Je ne savais pas que les Bardon[nenche] ont le traitement et le logement, [et] auront encore la table de l’Assomption. Ou bien est-ce une idée du P. V[incent] de P[aul](2)? Pour les curés du dîner du 16, consultez les curés. Je veux que ce soit simple et monastique, moins de plats et un meilleur apprêt(3). Avec cette seule indication je m’en rapporte à vous. Vous ai-je dit que plus que jamais Pauline meurt d’envie de nous venir? Vous pouvez compter que si j’ai reçu mon traitement quand j’irai au Vigan, je vous porterai 700 francs.

J’approuve beaucoup votre zèle à ne pas quitter le noviciat et je vous conjure de m’en parler souvent. Prions beaucoup pour ce cher petit nid de la Congrégation et demandons à N.-S. d’y mettre des oiseaux qui ne s’envolent pas au premier caprice. Je me persuade que, quand nous-mêmes nous serons dignes de former des religieux, il nous en enverra. Que deviennent les petits novices syriens depuis le départ du Fr. Joseph(4)? Prions, prions. Et puis Dieu est grand et Notre-Seigneur bien bon. C’est par la foi qu’on renverse les montagnes.

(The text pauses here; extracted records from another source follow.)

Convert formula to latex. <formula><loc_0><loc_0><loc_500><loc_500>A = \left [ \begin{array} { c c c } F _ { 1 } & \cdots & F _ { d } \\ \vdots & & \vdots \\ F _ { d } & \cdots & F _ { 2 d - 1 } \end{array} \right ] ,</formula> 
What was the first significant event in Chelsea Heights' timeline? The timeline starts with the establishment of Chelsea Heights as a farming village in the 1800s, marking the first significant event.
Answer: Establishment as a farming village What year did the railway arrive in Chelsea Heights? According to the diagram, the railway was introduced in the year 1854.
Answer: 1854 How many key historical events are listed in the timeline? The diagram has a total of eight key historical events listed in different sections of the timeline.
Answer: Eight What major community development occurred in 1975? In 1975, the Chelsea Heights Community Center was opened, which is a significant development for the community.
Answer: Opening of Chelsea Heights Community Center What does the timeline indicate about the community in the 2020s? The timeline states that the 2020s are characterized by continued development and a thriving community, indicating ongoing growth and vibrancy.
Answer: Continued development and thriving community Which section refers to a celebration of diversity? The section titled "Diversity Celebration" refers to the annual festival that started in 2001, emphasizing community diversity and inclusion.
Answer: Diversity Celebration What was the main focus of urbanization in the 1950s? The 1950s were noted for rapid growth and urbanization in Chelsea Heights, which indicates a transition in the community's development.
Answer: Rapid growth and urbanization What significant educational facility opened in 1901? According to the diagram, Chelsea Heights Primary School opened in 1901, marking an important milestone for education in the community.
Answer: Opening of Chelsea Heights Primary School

Adieu, très cher. Mille fois vôtre en N.-S.

E.D'ALZON.
Notes et post-scriptum
1. Pour que le P. Hippolyte puisse faire face à des échéances.

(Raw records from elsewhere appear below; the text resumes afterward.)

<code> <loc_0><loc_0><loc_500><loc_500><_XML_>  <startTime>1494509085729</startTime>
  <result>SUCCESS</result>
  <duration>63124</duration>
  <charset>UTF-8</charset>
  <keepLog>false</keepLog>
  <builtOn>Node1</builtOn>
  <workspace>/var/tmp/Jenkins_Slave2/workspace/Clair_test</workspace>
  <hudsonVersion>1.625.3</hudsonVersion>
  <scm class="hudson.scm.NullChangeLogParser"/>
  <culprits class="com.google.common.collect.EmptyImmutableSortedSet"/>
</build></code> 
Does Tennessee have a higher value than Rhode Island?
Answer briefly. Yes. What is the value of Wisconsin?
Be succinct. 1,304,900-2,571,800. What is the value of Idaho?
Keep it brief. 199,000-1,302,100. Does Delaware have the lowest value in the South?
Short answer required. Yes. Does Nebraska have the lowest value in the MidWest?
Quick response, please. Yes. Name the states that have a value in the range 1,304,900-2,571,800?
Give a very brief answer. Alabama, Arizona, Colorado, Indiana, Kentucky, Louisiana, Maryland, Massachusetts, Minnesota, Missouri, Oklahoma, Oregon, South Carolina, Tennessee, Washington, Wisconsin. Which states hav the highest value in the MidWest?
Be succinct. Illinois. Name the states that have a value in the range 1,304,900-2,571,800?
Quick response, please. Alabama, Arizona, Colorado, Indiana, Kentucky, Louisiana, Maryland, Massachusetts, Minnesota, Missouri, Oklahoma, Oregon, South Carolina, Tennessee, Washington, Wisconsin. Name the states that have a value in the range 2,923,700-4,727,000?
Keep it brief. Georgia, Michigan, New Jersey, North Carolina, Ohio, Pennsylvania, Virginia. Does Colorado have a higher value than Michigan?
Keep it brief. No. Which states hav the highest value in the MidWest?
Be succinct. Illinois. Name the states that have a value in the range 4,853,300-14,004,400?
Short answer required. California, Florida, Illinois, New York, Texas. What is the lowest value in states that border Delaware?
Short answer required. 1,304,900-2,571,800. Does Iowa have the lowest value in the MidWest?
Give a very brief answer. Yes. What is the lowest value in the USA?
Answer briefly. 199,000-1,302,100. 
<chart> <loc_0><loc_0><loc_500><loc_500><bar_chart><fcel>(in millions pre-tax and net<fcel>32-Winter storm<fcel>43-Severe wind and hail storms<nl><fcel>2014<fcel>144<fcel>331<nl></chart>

2. Le P. Hippolyte mettra les choses au point. Les Bardonnenche sont aussi bien disposés que possible. Ils ont leur cuisine à part et, loin d'essayer de vivre aux crochets de l'Assomption, ils nous ont souvent tiré d'embarras en nous donnant de leur bois, de leur vin et ainsi de suite (lettre du 9 octobre).

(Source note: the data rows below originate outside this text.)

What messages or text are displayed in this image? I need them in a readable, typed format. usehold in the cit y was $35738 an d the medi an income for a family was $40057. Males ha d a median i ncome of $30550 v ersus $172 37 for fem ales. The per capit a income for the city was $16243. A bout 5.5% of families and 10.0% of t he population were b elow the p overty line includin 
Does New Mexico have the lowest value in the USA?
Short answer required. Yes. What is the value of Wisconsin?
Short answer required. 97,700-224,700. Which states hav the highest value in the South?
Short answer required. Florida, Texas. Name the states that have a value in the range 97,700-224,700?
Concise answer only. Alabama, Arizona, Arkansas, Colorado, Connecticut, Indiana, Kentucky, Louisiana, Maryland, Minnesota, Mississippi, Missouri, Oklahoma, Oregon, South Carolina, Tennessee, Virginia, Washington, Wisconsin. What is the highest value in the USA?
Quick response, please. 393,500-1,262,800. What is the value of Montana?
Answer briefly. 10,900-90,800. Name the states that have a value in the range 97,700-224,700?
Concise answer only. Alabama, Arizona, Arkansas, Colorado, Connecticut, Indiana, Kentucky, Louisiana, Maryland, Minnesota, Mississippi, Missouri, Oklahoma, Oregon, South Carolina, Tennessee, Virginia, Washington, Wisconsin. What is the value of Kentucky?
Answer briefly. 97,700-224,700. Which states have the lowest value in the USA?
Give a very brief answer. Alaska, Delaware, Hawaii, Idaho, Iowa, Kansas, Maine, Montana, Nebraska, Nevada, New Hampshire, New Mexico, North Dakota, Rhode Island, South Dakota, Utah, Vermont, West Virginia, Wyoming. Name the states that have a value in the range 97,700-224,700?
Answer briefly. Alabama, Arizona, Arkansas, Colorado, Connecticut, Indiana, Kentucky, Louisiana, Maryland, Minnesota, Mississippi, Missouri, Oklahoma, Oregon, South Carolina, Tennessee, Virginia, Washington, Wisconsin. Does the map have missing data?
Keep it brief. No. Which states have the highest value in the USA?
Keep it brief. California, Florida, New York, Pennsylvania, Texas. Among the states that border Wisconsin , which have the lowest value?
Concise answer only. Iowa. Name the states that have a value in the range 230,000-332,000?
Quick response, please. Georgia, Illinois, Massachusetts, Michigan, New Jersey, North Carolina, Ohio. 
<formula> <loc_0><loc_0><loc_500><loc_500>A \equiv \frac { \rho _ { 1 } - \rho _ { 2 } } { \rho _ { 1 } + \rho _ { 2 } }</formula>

3. Le dimanche 16 octobre, le noviciat doit, à l'occasion de la visite pastorale de Mgr Plantier au Vigan, recevoir à dîner une trentaine de curés. "Faut-il que ce soit bien ou *très bien*?, a demandé le P. Hippolyte (2 octobre).
4. Ils n'ont pas l'air de s'affliger outre mesure de son départ, répondra le P. Hippolyte le 9 octobre.